韓国「20日中に射撃訓練」 延坪島住民らに退避令
【ソウル=山口真典】韓国国防省関係者は20日午前、黄海の延坪島(ヨンピョンド)から北朝鮮側と逆の南西方向に向けた海上射撃訓練を同日午後1時(日本時間同)以降に実施すると表明した。軍は同島住民らに緊急退避令を発令、周辺海域に発生している霧の状況を見ながら開始時間を決める。
北朝鮮は朝鮮戦争後に国連軍が設定した北方限界線(NLL)を認めておらず、訓練が「我が領海への射撃」だと主張し、韓国領砲撃も示唆している。訓練開始後に緊張が一層高まるのは避けられない情勢にある。
今回の射撃訓練は、11月23日に北朝鮮からの砲撃を受けた時に実施中だった訓練の再開という位置付けになる。

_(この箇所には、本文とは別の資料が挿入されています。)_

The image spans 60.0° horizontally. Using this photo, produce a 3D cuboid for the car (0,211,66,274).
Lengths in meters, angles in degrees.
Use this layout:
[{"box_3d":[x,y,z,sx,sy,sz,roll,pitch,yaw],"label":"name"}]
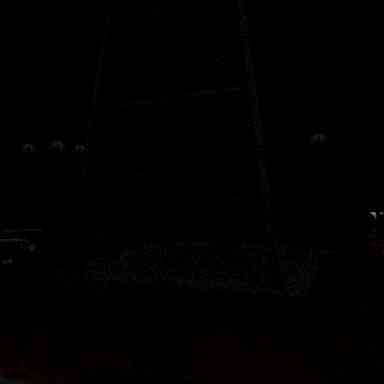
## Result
[{"box_3d":[-5.689,1.648,11.550,1.905,1.878,3.866,-1,-1,-8],"label":"car"}]
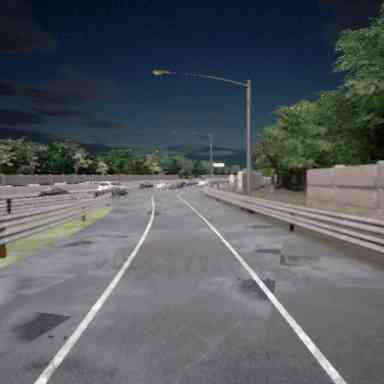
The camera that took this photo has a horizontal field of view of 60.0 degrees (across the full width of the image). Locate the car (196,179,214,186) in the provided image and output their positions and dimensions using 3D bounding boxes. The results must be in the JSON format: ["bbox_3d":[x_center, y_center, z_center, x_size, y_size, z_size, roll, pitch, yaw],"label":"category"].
[{"bbox_3d":[3.637,-2.633,91.703,2.150,2.045,5.566,0,3,17],"label":"car"}]

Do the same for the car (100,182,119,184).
[{"bbox_3d":[-12.306,-0.602,51.285,2.150,2.045,5.566,0,3,17],"label":"car"}]

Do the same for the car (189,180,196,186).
[{"bbox_3d":[0.269,-2.525,92.659,2.097,1.767,4.553,0,3,17],"label":"car"}]

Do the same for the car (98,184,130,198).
[{"bbox_3d":[-10.453,-0.005,45.365,2.033,1.411,5.357,0,3,17],"label":"car"}]

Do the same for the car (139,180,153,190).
[{"bbox_3d":[-9.724,-1.314,71.765,1.837,1.490,4.892,0,3,17],"label":"car"}]

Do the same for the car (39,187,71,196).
[{"bbox_3d":[-18.138,0.086,44.158,1.812,1.442,4.674,0,3,17],"label":"car"}]

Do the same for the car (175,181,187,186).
[{"bbox_3d":[-3.066,-2.429,93.727,1.882,1.535,5.008,0,3,17],"label":"car"}]

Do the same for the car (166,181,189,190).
[{"bbox_3d":[-3.028,-1.273,69.726,2.128,1.511,4.902,0,3,17],"label":"car"}]

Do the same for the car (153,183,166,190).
[{"bbox_3d":[-6.130,-1.305,71.551,1.812,1.442,4.674,0,3,17],"label":"car"}]
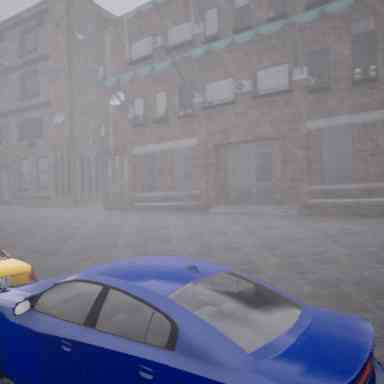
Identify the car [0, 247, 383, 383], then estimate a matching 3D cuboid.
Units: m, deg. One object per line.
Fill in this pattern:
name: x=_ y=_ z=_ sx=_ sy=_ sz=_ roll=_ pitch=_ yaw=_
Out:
car: x=-0.663 y=1.509 z=3.802 sx=5.008 sy=1.535 sz=2.097 roll=-1 pitch=0 yaw=36
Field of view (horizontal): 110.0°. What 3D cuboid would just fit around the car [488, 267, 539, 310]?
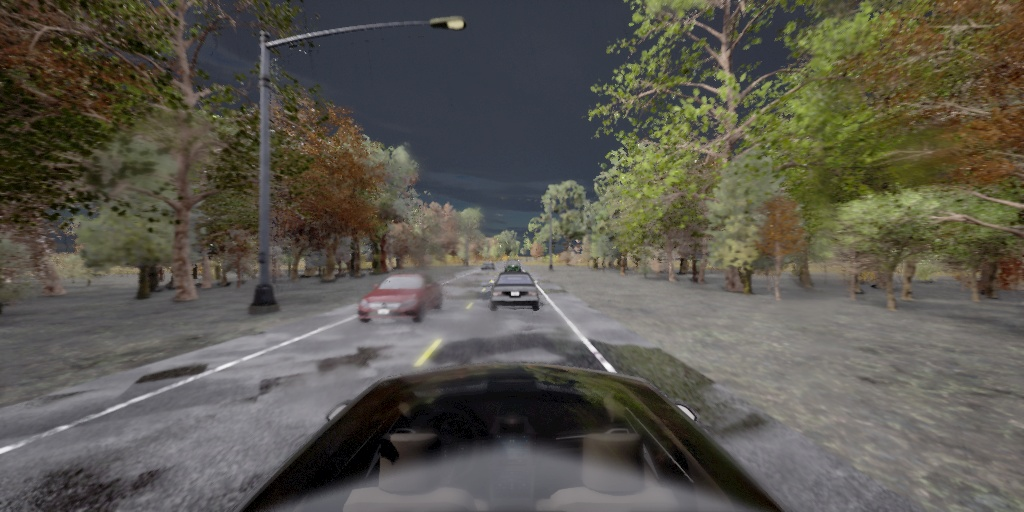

18~21日のいずれかに実施するとしていたが、19日までは「気象条件が整わない」との理由で開始を見合わせていた。国防省関係者は訓練の内容について「前回訓練で計画した分量の残りを発射し、2時間以内で終える」と説明している。
韓国軍は「以前から領海で定期的に実施してきた正当なもの」(合同参謀本部)と強調、射撃も延坪島から北朝鮮と逆方向を狙う。ただ、北朝鮮の追加挑発があれば「陸海空軍の合同戦力で即時断固とした対応をとる」(同)方針。20日午前はF15KやKF16などの戦闘機が随時出撃できる態勢をとり、駆逐艦や哨戒艦も周辺海域に配備。北朝鮮の攻撃にはK9自走砲や多連装ロケット(MLRS)などでも応射する構えだ。
訓練には在韓米軍約20人が参加して後方支援などに当たり、国連軍代表も現場で状況を見守る。島内に滞留する住民や報道陣ら約280人は防空壕(ごう)などに避難した。韓国統一省は挑発措置に備え、開城(ケソン)工業団地(北朝鮮南西部)に韓国人関係者が入ることを一時的に禁じた。